June 20, 2023 by Dave Haynes

One of the key suppliers of liquid crystal technology for flat panel display makers has pretty much confirmed what we all sort of know – that LCDs are a sunset technology and various flavours of LED and OLED are gradually taking over, first with TVs.

The tech publication Tom’s Guide has a post up with the headline: It’s official — LCD TVs won’t see any further development

It references an article from the pay-walled Display Daily, and a discussion Editor Bob Raikes had at SID’s Display Week with Merck KGaA, one of the main suppliers of liquid crystal displays to companies like Samsung and LG. Bob REALLY knows his display tech … I met him a few years ago at a trade show in Taiwan.

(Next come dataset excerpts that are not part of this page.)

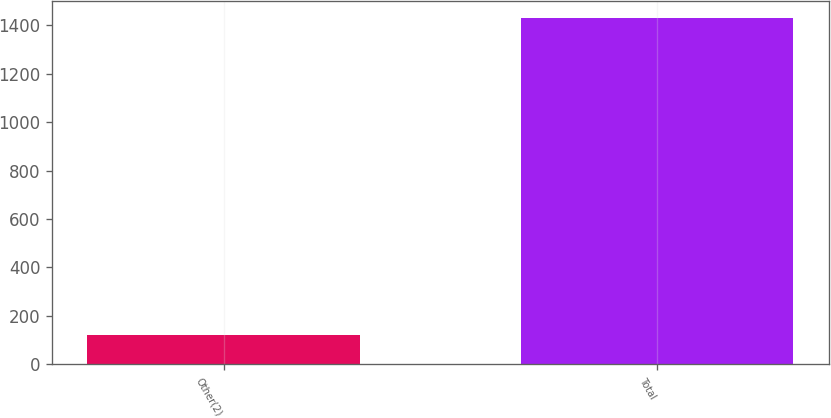<chart> <loc_0><loc_0><loc_500><loc_500><bar_chart><fcel>Other(2)<fcel>Total<nl><fcel>120<fcel>1428<nl></chart> 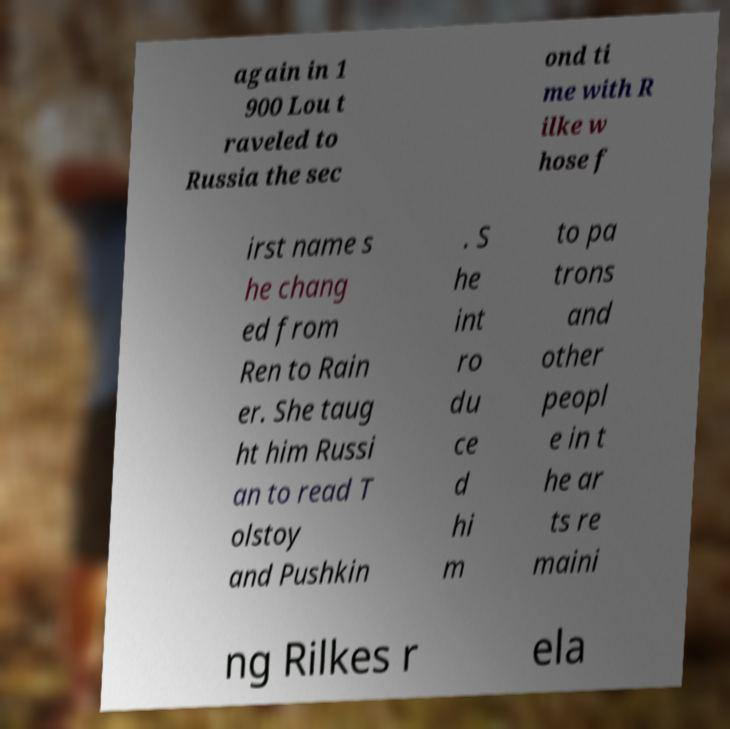I need the written content from this picture converted into text. Can you do that? again in 1 900 Lou t raveled to Russia the sec ond ti me with R ilke w hose f irst name s he chang ed from Ren to Rain er. She taug ht him Russi an to read T olstoy and Pushkin . S he int ro du ce d hi m to pa trons and other peopl e in t he ar ts re maini ng Rilkes r ela 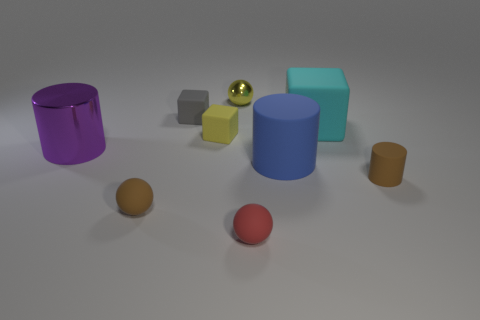Add 1 tiny red spheres. How many objects exist? 10 Subtract all spheres. How many objects are left? 6 Add 1 small yellow objects. How many small yellow objects are left? 3 Add 2 large things. How many large things exist? 5 Subtract 0 brown cubes. How many objects are left? 9 Subtract all tiny brown rubber cylinders. Subtract all tiny gray matte things. How many objects are left? 7

“I asked EMD (which is the US name of Merck KGaA and is by far the dominant supplier of LC materials), what they were doing to push LC materials for displays onto the next stage … They are developing LCs for privacy windows and antennas, but they told us that ‘there is no pull from clients’ for significant development in LC materials,” Raikes wrote.

“That shouldn’t have been a surprise to me – I have been talking about the switch to OLED and other emissive displays for the premium end (and later the mainstream) of the display market for a lot of years. Still, after decades of reporting on LC developments, it took a moment to sink in!”

Manufacturers are now more focused, in terms of R&D and new product releases, on variations of large-format OLED displays, like ones that amplify the visuals using quantum dots and others that use blue phosphorescent material that extends operating lives and boosts brightness.

Then there are ALL of the microLED, miniLED and related tech that are at or nearing pixel pitch parity with LCD, but offer more brightness and longer operating lives. I saw 0.6mm at InfoComm. It was TV-like. For that business to shift from LCD to LED, big price gaps have to close. But that’s coming.

All that stated, LCD is not going away soon and there is still lots of commercial demand and scale for smaller and fixed size displays, in areas like QSR, workplace and DOOH/retail media networks. It’s more like the TV aisle in a Costco or Best Buy will continue to see more OLED, less LCD.

The only next big thing I am aware of for LCD is reflective LCD – technology that makes LCDs work with sunlight, instead of fighting it with brightness and cooling strategies. Chinese LCD manufacturing giant BOE now has a reflective LCD now and a US company, Azumo, is making and marketing reflective LCDs.